Remus' life from that moment on was unsteady. His friends were lost, either dead or incarcerated, and he drifted meaninglessly from job to job, his transformations made all the worse now he knew how the burden could be eased, but with no-one there to ease it. He spent his days with what ifs, and with perhaps, and with maybes. Anyone who saw the once dashing young man, whom had seen his happiness when surrounded with his friends, was saddened at his worn and weary facade. Such a tragedy, everyone said. In everyone's life, there is turning points, gifts seemingly sent from the heavens that send people back on their way. For Remus, it was an advert in the Daily Prophet asking for a new Defence Against the Dark Arts teacher. At his interview with Albus Dumbledore, he tried to disguise his desperation for the position, but the twinkle in the great wizard's eyes showed Remus that the headmaster knew of his anxiousness for the job. When he once more stepped on the Hogwarts Express on the 1st of September, it was the first time he had glimpsed peace in years. Meeting Harry, the last link to his greatest friends, poured balm on Lupin's soul, let him rest easy for the first time in twelve years. And though his time at Hogwarts was short, it provided him once more with friendship and with love, and returned him to his friend, the once feared Sirius Black. It wasn't quite the golden days that he had once cherished, but the days he spent with Harry and Sirius and the old Order were silver.
And then he met her, the confusing, bumbling witch who so clumsily bumped into him in the hallway in Grimmauld Place. She took his life and turned it upside down, shook out the boring, staid parts of him and reinvigorated his soul with a desire to change the world once more. She whisked up his world and added her sweetness, and the result was something beautiful. And then Sirius died. In a split second he was gone, slipping beneath the veil as Harry screamed in utter desperation, a sound he hadn't heard since he'd walked into Godrics Hollow fifteen years before. No-one said it was a tragedy, and that was a tragedy in itself. To the rest of the world, Sirius Black was a murderer and a traitor, and those who knew him to be good and true were burdened with the knowledge that everyday, someone somewhere in the Wizarding world spoke his name with a sneer, and that they could do nothing to change it.
He withdrew from Tonks then. Left her in her beauty and naivety as he tried to find the balance in his life. He was the last Marauder, the last friend, the last molecule of gold to be dripped from the past. He struggled with his future, living as he had always done in the past.
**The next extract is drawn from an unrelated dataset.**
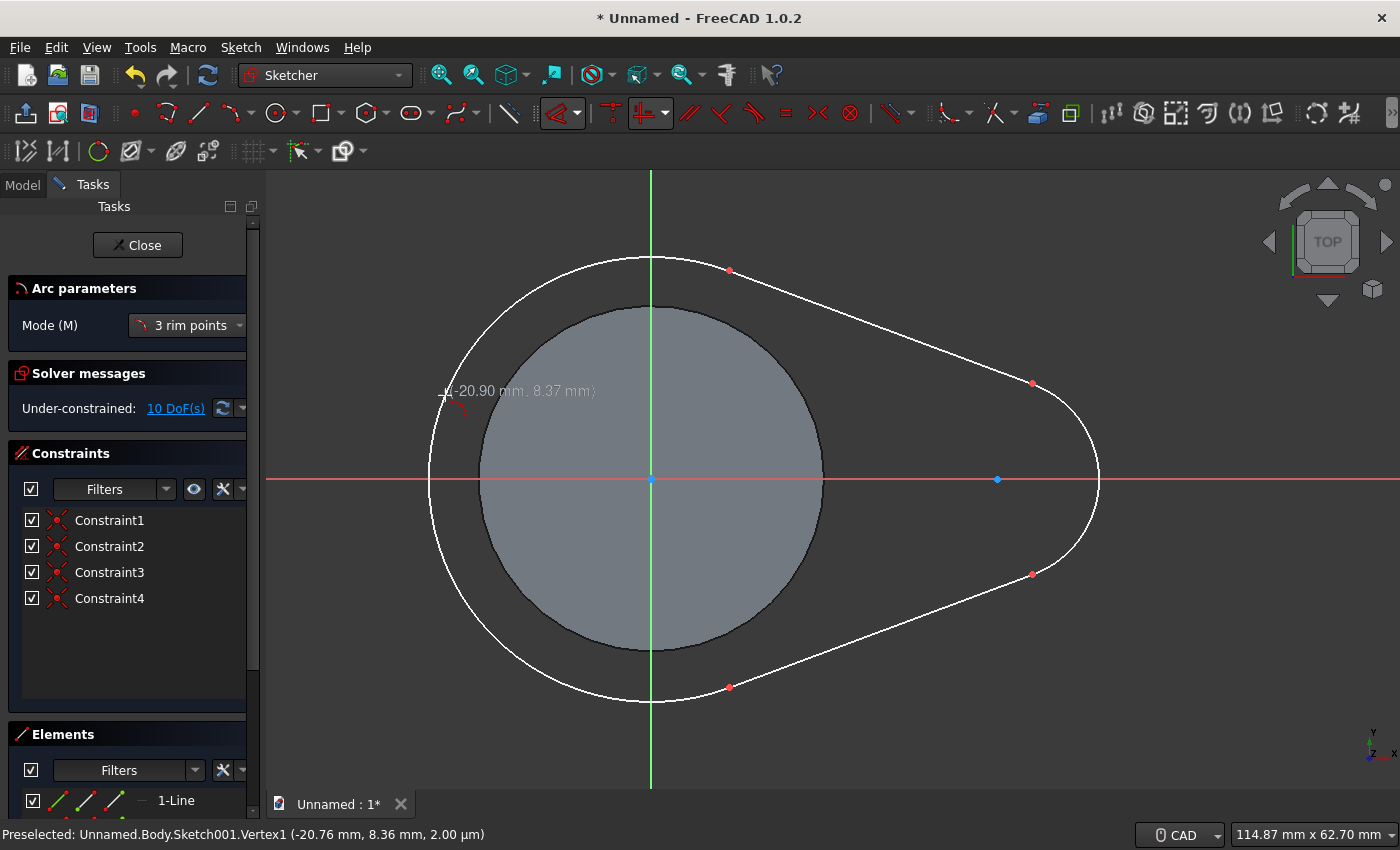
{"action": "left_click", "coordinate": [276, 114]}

Such a tragedy, the Order said, as he spoke little in meetings and vanished into the shadows. Such a tragedy that someone so promising (his mother returned with her whispers of wholesome and good) had become a shell. Voldemort didn't destroy people just by killing them.
Somehow, he found his way back to her, found his happiness. Found, for a short time at least, his salvation and happiness in Nymphadora Tonks. Found his pure joy in his son, his beautiful, precious, fragile son, whom he would have given the earth and heaven then, just like that, it was over. Such a tragedy, everyone said. That someone who had his whole life before him, someone just gifted with the joys of love and family, should be taken away. Such a tragedy, everyone said.
Remus, looking down from the heavens where he sat with his friends and his wife and his family, didn't agree. But that was life, and that was people, and when people are determined to have things a certain way they will have it and so there it was. Such a tragedy, everyone said.